Dual Averaging Converges for Nonconvex Smooth Stochastic Optimization
Tuo Liu, El Mehdi Saad, Wojciech Kotłowski, Francesco Orabona
TL;DR
This paper provides the first iterate-level convergence guarantees for stochastic Dual Averaging (SDA) on smooth, potentially non-convex objectives, showing rates matching SGD up to a $\log T$ factor: $O\big(1/T + \sigma\log T/\sqrt{T}\big)$ under a strong-growth condition with deterministic steps, and a high-probability bound under sub-Gaussian noise. A key technique is interpreting SDA as SGD on a time-varying sequence of regularized functions $f_t(x) = f(x) + \frac{\gamma_t}{2}\|x\|^2$, enabling a generalized descent framework. The authors also introduce ADA-DA, an AdaGrad-style adaptive variant that achieves the same rates without knowing the noise variance, provided iterates stay bounded. Together, these results close a long-standing open problem by delivering complete convergence theory for dual averaging in non-convex stochastic settings, while identifying practical limitations and directions for fully adaptive, iterate-independent guarantees. The work advances understanding of first-order methods in non-convex stochastic optimization and broadens the theoretical foundation for dual averaging in modern machine learning tasks.
Abstract
Dual averaging and gradient descent with their stochastic variants stand as the two canonical recipe books for first-order optimization: Every modern variant can be viewed as a descendant of one or the other. In the convex regime, these algorithms have been deeply studied, and we know that they are essentially equivalent in terms of theoretical guarantees.

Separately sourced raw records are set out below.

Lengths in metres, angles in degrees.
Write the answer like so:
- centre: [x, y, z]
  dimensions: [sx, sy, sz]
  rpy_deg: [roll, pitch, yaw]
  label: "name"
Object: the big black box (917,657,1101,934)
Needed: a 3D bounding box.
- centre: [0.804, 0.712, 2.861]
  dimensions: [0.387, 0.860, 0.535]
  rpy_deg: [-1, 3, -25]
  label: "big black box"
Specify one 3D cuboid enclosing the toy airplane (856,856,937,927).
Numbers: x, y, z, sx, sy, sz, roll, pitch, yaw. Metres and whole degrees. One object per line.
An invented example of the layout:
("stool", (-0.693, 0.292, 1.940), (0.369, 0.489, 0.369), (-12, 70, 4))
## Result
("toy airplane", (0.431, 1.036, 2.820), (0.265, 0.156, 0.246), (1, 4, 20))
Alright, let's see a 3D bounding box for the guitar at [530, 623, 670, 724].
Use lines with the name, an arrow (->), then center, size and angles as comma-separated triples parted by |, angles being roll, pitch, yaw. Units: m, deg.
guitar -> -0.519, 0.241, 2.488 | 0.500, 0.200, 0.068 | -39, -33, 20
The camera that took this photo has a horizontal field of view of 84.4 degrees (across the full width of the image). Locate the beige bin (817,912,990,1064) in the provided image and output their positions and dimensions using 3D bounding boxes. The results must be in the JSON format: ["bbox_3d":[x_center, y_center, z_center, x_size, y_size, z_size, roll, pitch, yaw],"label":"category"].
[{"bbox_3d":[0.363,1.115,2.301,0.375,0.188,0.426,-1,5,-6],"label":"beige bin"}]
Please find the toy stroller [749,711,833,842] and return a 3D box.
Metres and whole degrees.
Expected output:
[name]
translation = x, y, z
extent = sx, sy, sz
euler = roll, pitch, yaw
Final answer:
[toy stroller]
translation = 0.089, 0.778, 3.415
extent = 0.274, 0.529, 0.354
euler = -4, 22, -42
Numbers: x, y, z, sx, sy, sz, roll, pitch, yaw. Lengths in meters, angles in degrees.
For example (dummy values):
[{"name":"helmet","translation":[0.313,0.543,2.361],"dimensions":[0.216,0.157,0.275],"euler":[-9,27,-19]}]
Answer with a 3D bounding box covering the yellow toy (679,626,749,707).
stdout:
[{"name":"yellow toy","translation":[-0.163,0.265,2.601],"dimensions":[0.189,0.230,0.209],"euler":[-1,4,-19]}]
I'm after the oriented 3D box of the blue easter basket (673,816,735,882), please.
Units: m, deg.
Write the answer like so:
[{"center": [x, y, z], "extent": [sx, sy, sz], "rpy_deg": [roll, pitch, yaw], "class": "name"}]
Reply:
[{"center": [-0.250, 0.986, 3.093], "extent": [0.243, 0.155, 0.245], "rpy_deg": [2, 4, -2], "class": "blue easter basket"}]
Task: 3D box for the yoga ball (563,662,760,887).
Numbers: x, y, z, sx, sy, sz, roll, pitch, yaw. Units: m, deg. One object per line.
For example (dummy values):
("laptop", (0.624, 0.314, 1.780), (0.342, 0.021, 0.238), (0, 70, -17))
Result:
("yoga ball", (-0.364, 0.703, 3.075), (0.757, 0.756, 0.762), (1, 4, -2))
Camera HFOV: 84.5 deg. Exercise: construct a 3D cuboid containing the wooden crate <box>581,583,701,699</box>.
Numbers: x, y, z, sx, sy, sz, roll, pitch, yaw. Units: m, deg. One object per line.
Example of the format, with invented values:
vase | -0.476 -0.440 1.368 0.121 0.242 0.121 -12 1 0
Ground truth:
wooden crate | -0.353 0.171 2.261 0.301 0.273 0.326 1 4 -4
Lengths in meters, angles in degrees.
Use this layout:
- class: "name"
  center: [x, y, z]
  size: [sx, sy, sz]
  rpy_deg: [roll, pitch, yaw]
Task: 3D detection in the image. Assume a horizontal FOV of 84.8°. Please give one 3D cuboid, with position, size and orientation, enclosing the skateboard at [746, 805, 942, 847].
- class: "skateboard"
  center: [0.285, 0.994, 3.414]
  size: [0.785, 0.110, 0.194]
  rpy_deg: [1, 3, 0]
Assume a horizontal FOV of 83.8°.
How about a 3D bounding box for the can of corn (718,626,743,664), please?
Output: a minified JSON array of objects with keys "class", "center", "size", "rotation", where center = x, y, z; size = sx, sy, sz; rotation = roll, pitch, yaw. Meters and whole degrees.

On the other hand, in the non-convex setting, the situation is drastically different: While we know that SGD can minimize the gradient of non-convex smooth functions, no finite-time complexity guarantee for Stochastic Dual Averaging (SDA) was known in the same setting. In this paper, we close this gap by a reduction that views SDA as SGD applied to a sequence of implicitly regularized objectives. We show that a tuned SDA exhibits a rate of convergence $\mathcal{O}(1 / T + σ\log T/ \sqrt{T})$, similar to that of SGD under the same assumptions. To our best knowledge, this is the first complete convergence theory for dual averaging on non-convex smooth stochastic problems without restrictive assumptions, closing a long-standing open problem in the field. Beyond the base algorithm, we also discuss ADA-DA, a variant that marries SDA with AdaGrad's auto-scaling, which achieves the same rate without requiring knowledge of the noise variance.